======== Dataset records

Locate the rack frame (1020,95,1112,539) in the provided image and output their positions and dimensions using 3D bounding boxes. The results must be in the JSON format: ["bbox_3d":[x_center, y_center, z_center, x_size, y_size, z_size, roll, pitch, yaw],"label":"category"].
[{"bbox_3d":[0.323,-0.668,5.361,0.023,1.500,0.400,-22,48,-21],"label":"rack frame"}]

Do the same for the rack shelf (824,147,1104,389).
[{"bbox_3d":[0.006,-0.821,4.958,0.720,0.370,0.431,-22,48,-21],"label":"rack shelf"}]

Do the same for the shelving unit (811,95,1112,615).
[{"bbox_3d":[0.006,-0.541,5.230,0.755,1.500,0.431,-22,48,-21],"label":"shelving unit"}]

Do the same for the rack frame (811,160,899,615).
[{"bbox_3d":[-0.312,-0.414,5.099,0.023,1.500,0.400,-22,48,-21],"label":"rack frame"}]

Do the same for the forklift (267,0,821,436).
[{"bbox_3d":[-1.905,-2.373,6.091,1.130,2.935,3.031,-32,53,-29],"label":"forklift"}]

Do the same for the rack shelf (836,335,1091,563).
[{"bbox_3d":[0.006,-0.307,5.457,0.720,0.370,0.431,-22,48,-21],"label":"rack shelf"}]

================
======== Dataset records

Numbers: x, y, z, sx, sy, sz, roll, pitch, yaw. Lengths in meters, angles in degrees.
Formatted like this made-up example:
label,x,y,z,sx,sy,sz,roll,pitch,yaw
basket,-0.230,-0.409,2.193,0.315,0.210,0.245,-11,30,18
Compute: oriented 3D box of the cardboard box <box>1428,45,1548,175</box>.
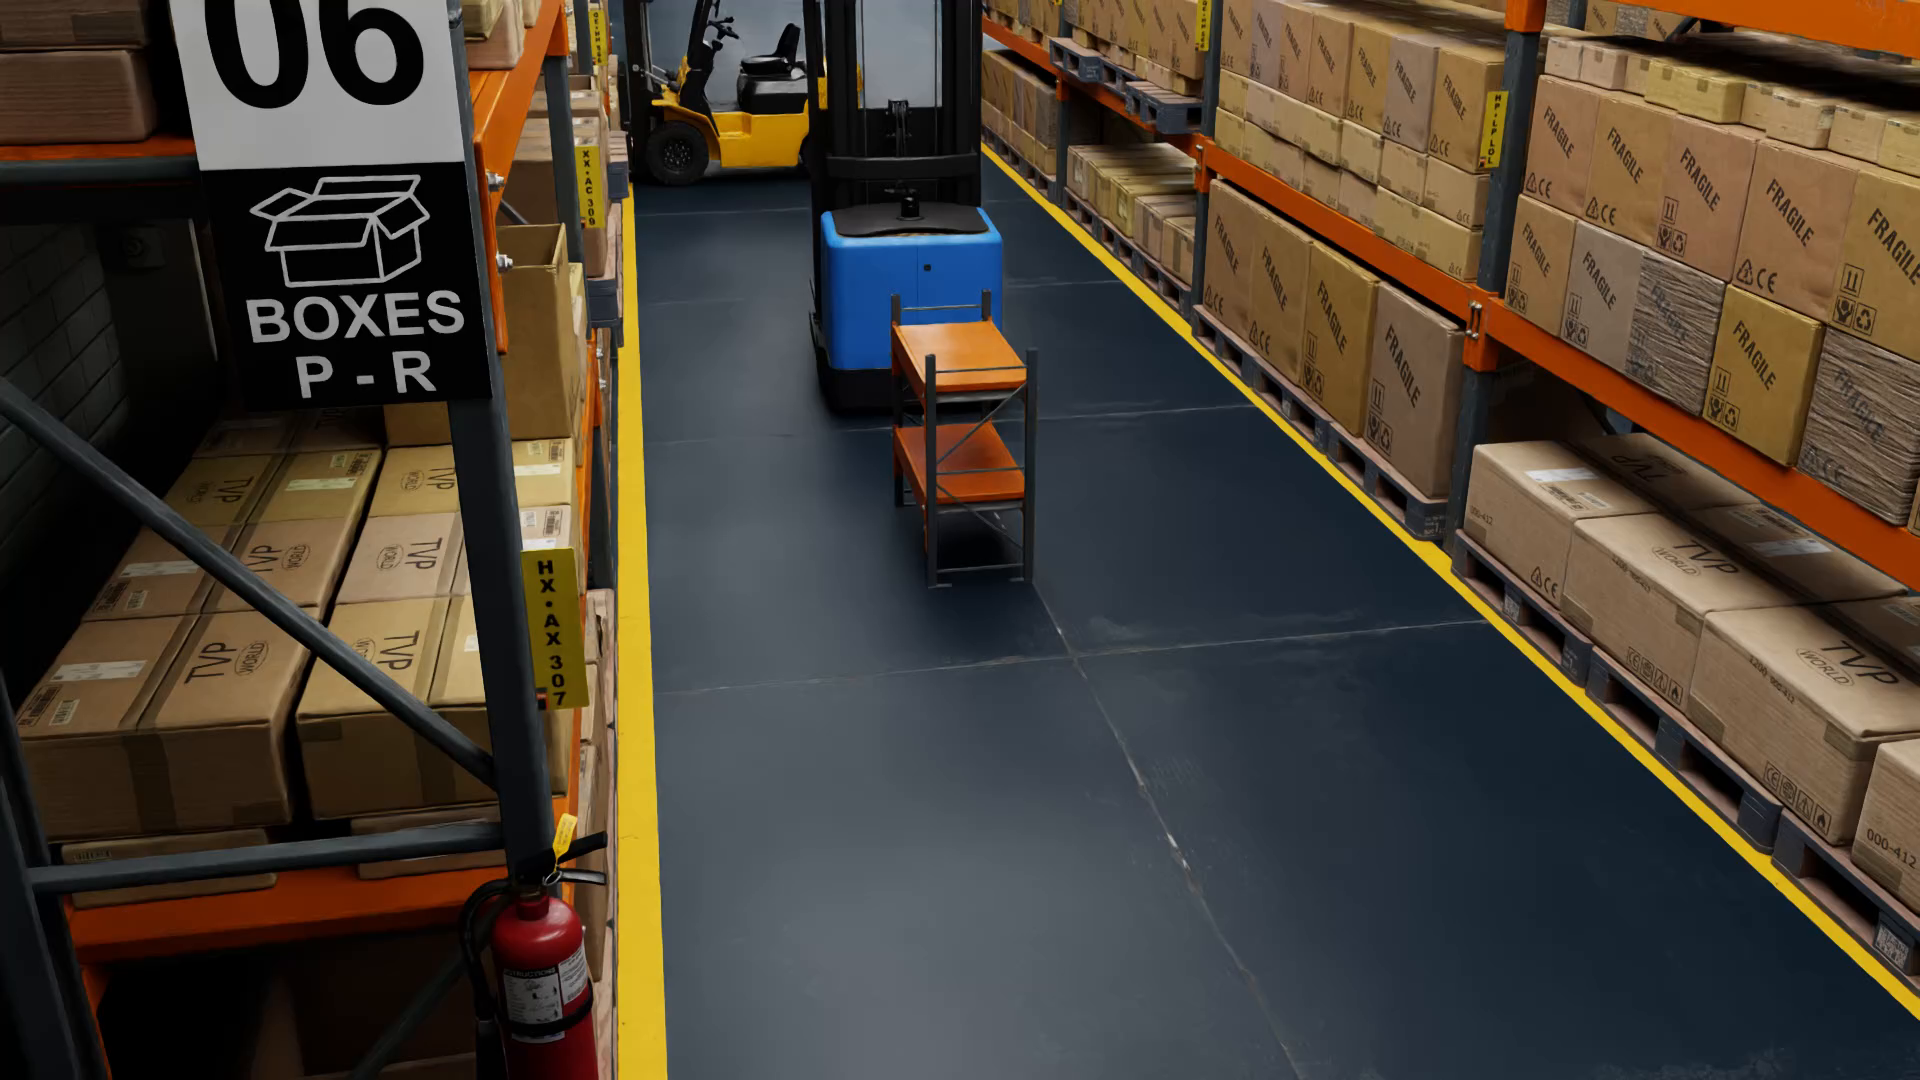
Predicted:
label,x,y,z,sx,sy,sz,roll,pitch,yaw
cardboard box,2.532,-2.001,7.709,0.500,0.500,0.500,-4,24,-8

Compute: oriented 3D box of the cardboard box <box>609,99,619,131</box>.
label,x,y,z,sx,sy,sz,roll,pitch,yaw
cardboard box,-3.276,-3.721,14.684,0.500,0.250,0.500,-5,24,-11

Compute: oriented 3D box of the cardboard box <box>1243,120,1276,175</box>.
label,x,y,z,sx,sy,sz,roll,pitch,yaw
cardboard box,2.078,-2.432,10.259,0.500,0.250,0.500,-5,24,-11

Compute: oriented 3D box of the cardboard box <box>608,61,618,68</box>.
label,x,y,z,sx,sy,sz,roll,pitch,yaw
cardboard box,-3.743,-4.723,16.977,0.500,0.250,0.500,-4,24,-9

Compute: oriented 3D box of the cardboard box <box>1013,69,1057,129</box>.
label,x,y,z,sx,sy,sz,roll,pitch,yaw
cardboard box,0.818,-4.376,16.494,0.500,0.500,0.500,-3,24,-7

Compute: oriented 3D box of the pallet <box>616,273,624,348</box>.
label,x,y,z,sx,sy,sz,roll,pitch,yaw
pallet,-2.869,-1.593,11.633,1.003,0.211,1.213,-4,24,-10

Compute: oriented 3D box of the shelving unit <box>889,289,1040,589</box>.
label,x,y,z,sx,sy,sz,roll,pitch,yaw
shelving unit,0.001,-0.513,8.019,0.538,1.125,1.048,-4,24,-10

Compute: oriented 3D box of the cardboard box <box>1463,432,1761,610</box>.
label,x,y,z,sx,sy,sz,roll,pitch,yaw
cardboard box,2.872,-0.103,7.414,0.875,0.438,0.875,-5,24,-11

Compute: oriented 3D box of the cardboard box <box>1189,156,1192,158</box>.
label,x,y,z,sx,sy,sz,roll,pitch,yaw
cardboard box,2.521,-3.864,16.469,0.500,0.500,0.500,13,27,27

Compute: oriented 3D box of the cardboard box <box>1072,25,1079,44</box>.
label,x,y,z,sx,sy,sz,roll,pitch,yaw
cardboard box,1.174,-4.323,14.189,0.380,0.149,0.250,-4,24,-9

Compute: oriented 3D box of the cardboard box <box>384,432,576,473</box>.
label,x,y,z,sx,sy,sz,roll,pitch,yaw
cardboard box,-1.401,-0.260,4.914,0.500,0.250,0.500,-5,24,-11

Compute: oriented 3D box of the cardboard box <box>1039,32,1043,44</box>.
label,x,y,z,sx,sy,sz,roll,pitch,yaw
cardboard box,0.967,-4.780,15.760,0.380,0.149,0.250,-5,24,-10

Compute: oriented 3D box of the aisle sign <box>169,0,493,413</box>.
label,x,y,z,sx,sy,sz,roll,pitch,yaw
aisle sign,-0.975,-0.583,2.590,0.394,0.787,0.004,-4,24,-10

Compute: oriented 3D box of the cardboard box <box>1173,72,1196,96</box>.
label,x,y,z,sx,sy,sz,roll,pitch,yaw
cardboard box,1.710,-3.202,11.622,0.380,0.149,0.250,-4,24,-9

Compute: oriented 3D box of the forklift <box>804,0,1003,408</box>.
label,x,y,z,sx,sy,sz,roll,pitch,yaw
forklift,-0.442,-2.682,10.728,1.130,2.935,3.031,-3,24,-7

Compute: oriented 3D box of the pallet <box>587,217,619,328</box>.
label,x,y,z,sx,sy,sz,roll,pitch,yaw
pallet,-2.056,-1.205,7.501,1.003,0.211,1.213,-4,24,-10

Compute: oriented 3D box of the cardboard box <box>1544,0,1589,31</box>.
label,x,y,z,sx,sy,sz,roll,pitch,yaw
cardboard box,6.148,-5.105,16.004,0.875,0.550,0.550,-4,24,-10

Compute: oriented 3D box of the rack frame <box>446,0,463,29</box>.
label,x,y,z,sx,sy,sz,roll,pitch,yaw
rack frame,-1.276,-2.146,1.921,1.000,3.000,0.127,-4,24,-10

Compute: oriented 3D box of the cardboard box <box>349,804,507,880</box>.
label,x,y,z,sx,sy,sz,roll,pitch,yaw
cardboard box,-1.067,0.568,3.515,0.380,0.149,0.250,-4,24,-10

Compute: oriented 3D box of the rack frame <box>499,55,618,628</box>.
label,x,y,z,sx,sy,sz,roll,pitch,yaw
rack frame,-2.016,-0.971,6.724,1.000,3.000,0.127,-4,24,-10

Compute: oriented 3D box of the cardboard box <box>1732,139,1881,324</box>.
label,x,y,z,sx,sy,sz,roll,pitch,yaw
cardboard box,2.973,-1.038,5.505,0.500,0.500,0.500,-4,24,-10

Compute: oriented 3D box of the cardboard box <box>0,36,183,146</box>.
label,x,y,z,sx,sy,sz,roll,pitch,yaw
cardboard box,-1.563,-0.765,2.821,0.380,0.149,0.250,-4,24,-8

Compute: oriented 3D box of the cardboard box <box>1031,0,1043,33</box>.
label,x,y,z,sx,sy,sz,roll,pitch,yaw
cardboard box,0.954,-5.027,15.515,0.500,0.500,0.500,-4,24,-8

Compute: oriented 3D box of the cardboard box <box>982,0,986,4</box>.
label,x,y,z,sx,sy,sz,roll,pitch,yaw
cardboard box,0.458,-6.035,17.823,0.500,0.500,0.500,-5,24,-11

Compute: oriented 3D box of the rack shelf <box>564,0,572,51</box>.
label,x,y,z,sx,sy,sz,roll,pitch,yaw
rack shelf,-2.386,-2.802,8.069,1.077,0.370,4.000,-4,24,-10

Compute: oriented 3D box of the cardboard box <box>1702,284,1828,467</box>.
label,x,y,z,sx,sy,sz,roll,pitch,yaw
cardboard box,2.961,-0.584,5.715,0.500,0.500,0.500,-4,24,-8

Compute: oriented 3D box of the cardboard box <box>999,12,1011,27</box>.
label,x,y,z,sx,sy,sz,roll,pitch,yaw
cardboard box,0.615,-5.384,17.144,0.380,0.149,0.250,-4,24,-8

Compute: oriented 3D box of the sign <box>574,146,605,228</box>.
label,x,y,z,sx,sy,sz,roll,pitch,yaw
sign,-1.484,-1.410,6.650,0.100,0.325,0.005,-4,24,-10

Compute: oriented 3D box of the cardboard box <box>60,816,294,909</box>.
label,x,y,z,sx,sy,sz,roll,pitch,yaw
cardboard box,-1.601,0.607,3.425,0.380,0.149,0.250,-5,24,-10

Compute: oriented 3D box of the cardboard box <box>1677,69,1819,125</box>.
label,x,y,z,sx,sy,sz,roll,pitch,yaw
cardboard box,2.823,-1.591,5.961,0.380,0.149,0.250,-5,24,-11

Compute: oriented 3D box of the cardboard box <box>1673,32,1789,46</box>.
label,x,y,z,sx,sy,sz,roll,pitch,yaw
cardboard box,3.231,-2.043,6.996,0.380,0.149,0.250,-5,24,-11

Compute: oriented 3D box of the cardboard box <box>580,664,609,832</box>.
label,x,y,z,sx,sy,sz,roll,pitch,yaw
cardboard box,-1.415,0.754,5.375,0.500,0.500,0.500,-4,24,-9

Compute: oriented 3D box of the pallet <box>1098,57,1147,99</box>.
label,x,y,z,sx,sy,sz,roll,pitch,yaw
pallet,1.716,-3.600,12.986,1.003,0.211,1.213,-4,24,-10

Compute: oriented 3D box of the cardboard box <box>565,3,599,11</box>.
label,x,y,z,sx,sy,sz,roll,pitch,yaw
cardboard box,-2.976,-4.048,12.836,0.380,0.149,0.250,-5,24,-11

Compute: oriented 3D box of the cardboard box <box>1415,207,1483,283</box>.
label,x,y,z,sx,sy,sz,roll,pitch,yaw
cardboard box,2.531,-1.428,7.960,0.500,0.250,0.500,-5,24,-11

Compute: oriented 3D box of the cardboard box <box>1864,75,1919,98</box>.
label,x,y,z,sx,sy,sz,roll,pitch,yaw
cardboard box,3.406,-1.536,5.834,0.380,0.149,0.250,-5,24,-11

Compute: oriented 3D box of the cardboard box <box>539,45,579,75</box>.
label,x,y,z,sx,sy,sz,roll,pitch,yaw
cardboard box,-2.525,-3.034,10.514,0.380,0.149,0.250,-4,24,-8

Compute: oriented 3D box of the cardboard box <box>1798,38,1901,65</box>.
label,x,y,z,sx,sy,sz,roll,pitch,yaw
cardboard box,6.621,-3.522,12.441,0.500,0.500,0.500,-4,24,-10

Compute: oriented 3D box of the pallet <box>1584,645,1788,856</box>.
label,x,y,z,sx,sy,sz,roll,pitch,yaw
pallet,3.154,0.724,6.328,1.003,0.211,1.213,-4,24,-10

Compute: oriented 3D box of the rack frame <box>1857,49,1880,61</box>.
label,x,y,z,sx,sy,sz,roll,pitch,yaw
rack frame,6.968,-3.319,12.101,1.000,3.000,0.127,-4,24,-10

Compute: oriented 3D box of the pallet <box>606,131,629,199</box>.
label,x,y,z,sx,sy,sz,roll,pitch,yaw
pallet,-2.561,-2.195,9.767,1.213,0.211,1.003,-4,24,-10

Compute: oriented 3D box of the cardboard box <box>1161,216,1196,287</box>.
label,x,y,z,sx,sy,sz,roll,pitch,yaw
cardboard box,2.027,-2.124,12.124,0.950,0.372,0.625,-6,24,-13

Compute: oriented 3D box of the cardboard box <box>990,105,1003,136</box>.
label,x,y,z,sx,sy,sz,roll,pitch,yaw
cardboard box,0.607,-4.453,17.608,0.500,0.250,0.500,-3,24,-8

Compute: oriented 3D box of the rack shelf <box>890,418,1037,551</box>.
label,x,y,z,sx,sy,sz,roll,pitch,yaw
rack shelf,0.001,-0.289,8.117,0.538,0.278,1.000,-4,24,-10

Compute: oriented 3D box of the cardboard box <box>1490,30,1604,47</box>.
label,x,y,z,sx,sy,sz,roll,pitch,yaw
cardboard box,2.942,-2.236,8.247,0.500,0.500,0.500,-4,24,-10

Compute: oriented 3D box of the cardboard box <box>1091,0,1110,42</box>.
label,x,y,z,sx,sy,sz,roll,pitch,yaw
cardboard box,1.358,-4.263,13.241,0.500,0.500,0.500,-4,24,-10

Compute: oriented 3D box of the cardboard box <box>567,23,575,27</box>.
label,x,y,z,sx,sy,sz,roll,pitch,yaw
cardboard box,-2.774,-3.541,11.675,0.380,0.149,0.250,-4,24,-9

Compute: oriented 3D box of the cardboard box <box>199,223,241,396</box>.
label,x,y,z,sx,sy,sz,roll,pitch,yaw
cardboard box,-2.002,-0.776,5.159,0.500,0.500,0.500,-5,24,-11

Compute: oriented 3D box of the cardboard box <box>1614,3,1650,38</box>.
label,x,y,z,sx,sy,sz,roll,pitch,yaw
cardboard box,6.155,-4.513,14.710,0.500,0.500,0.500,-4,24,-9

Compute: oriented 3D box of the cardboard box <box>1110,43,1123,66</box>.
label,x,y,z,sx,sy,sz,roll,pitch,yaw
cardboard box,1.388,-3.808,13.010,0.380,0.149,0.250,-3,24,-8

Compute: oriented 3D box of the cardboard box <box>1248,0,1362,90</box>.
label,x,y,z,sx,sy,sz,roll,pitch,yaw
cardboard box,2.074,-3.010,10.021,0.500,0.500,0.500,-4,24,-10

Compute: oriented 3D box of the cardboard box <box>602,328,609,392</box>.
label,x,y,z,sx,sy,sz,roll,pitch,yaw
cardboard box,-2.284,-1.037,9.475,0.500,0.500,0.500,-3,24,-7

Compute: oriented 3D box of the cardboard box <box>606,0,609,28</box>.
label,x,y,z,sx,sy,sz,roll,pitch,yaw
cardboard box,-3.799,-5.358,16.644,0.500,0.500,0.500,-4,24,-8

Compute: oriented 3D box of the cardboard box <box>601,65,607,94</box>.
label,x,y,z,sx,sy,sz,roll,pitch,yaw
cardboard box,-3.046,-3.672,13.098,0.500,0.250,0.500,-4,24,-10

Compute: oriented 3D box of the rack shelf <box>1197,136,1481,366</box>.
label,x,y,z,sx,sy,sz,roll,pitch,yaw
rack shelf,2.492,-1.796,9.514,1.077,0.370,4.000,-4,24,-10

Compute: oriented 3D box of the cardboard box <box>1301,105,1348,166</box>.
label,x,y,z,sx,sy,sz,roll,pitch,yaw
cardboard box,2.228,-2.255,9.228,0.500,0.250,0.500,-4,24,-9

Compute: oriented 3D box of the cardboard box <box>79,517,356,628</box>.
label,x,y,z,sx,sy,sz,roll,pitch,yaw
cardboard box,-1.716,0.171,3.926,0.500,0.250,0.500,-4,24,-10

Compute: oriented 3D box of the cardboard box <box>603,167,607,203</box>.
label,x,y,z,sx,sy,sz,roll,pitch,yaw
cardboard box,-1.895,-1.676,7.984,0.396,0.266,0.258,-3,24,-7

================

» Problem details: Please write out, exactly as they appear above, only the lines in the stretch from the line with "Formatted like this" through the line with "cardboard box <box>1428,45,1548,175</box>.".

» Reply to the exercise:
Formatted like this made-up example:
label,x,y,z,sx,sy,sz,roll,pitch,yaw
basket,-0.230,-0.409,2.193,0.315,0.210,0.245,-11,30,18
Compute: oriented 3D box of the cardboard box <box>1428,45,1548,175</box>.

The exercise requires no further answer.